The answer is a single number: the count of lines below in which the word "ConfigSettingController" appears.

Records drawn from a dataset
-----

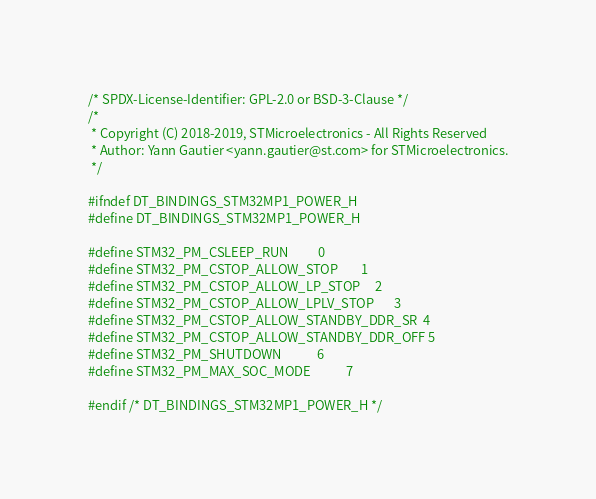Convert code to text. <code><loc_0><loc_0><loc_500><loc_500><_C_>/* SPDX-License-Identifier: GPL-2.0 or BSD-3-Clause */
/*
 * Copyright (C) 2018-2019, STMicroelectronics - All Rights Reserved
 * Author: Yann Gautier <yann.gautier@st.com> for STMicroelectronics.
 */

#ifndef DT_BINDINGS_STM32MP1_POWER_H
#define DT_BINDINGS_STM32MP1_POWER_H

#define STM32_PM_CSLEEP_RUN			0
#define STM32_PM_CSTOP_ALLOW_STOP		1
#define STM32_PM_CSTOP_ALLOW_LP_STOP		2
#define STM32_PM_CSTOP_ALLOW_LPLV_STOP		3
#define STM32_PM_CSTOP_ALLOW_STANDBY_DDR_SR	4
#define STM32_PM_CSTOP_ALLOW_STANDBY_DDR_OFF	5
#define STM32_PM_SHUTDOWN			6
#define STM32_PM_MAX_SOC_MODE			7

#endif /* DT_BINDINGS_STM32MP1_POWER_H */
</code> 
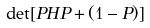Convert formula to latex. <formula><loc_0><loc_0><loc_500><loc_500>\det [ P H P + ( 1 - P ) ]</formula> 
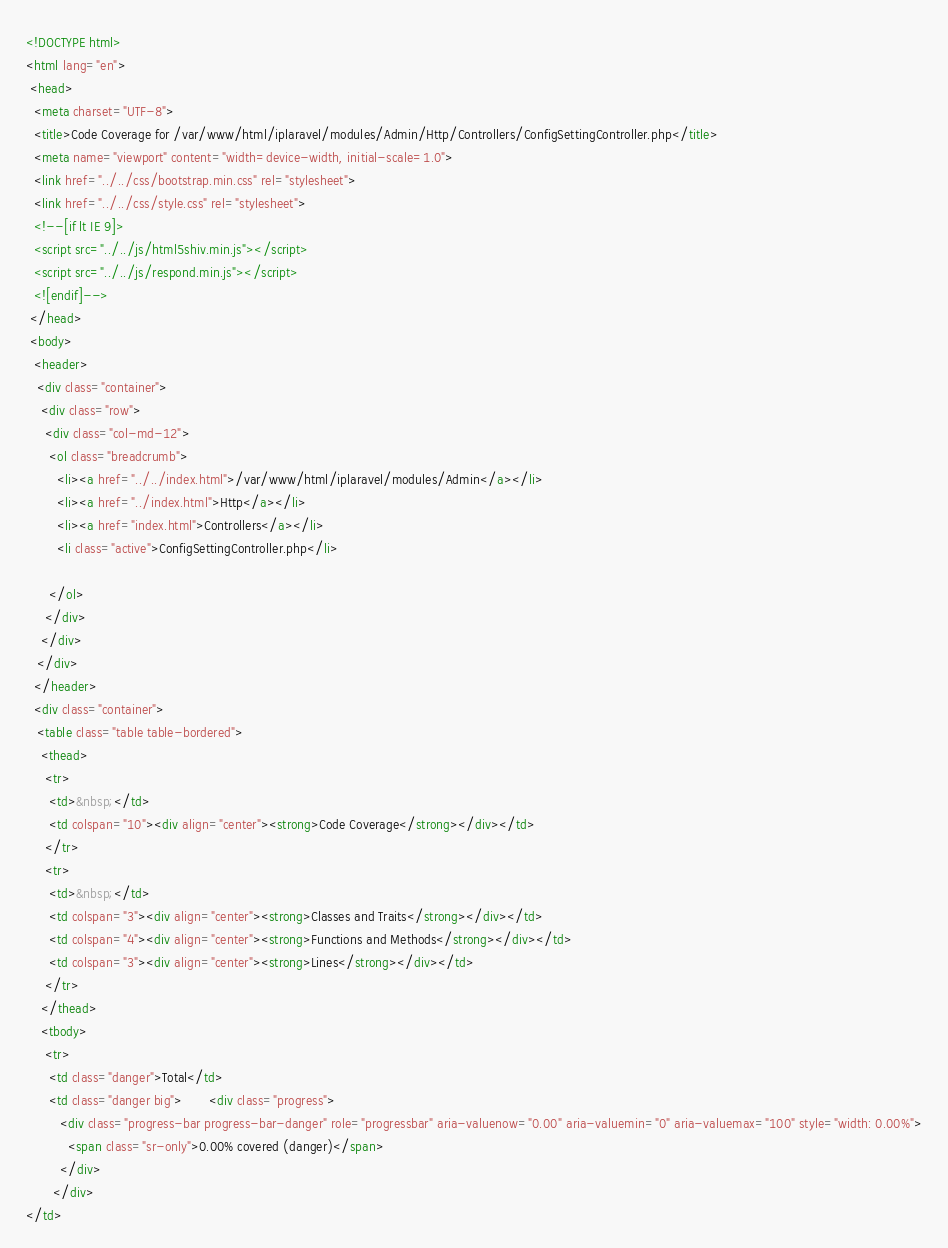Convert code to text. <code><loc_0><loc_0><loc_500><loc_500><_HTML_><!DOCTYPE html>
<html lang="en">
 <head>
  <meta charset="UTF-8">
  <title>Code Coverage for /var/www/html/iplaravel/modules/Admin/Http/Controllers/ConfigSettingController.php</title>
  <meta name="viewport" content="width=device-width, initial-scale=1.0">
  <link href="../../css/bootstrap.min.css" rel="stylesheet">
  <link href="../../css/style.css" rel="stylesheet">
  <!--[if lt IE 9]>
  <script src="../../js/html5shiv.min.js"></script>
  <script src="../../js/respond.min.js"></script>
  <![endif]-->
 </head>
 <body>
  <header>
   <div class="container">
    <div class="row">
     <div class="col-md-12">
      <ol class="breadcrumb">
        <li><a href="../../index.html">/var/www/html/iplaravel/modules/Admin</a></li>
        <li><a href="../index.html">Http</a></li>
        <li><a href="index.html">Controllers</a></li>
        <li class="active">ConfigSettingController.php</li>

      </ol>
     </div>
    </div>
   </div>
  </header>
  <div class="container">
   <table class="table table-bordered">
    <thead>
     <tr>
      <td>&nbsp;</td>
      <td colspan="10"><div align="center"><strong>Code Coverage</strong></div></td>
     </tr>
     <tr>
      <td>&nbsp;</td>
      <td colspan="3"><div align="center"><strong>Classes and Traits</strong></div></td>
      <td colspan="4"><div align="center"><strong>Functions and Methods</strong></div></td>
      <td colspan="3"><div align="center"><strong>Lines</strong></div></td>
     </tr>
    </thead>
    <tbody>
     <tr>
      <td class="danger">Total</td>
      <td class="danger big">       <div class="progress">
         <div class="progress-bar progress-bar-danger" role="progressbar" aria-valuenow="0.00" aria-valuemin="0" aria-valuemax="100" style="width: 0.00%">
           <span class="sr-only">0.00% covered (danger)</span>
         </div>
       </div>
</td></code> 
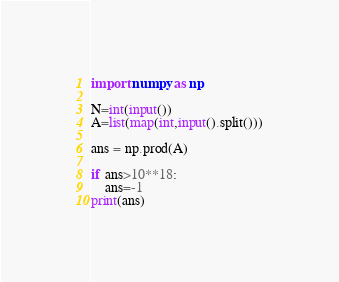Convert code to text. <code><loc_0><loc_0><loc_500><loc_500><_Python_>import numpy as np

N=int(input())
A=list(map(int,input().split()))

ans = np.prod(A)
    
if ans>10**18:
    ans=-1
print(ans)</code> 
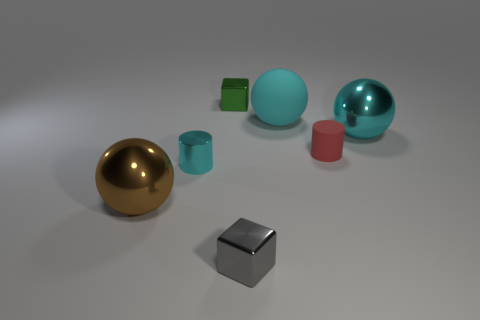What size is the cylinder that is behind the small cyan cylinder?
Offer a terse response. Small. Is there anything else of the same color as the metal cylinder?
Ensure brevity in your answer.  Yes. Are there any small blocks in front of the small block behind the cyan shiny object that is to the right of the matte ball?
Give a very brief answer. Yes. Is the color of the large shiny sphere that is behind the cyan cylinder the same as the big matte thing?
Your answer should be very brief. Yes. How many blocks are either small cyan metallic objects or small metal objects?
Your answer should be compact. 2. There is a small metal thing that is behind the small red matte object that is to the right of the small gray object; what shape is it?
Provide a short and direct response. Cube. There is a cyan thing in front of the cylinder that is to the right of the block that is in front of the small green metal block; what size is it?
Your response must be concise. Small. Does the gray thing have the same size as the cyan matte thing?
Your response must be concise. No. How many things are either tiny yellow cylinders or big cyan objects?
Provide a succinct answer. 2. How big is the cyan thing in front of the large cyan ball on the right side of the large cyan rubber object?
Offer a terse response. Small.

-----

§ WORKED SOLUTION:
2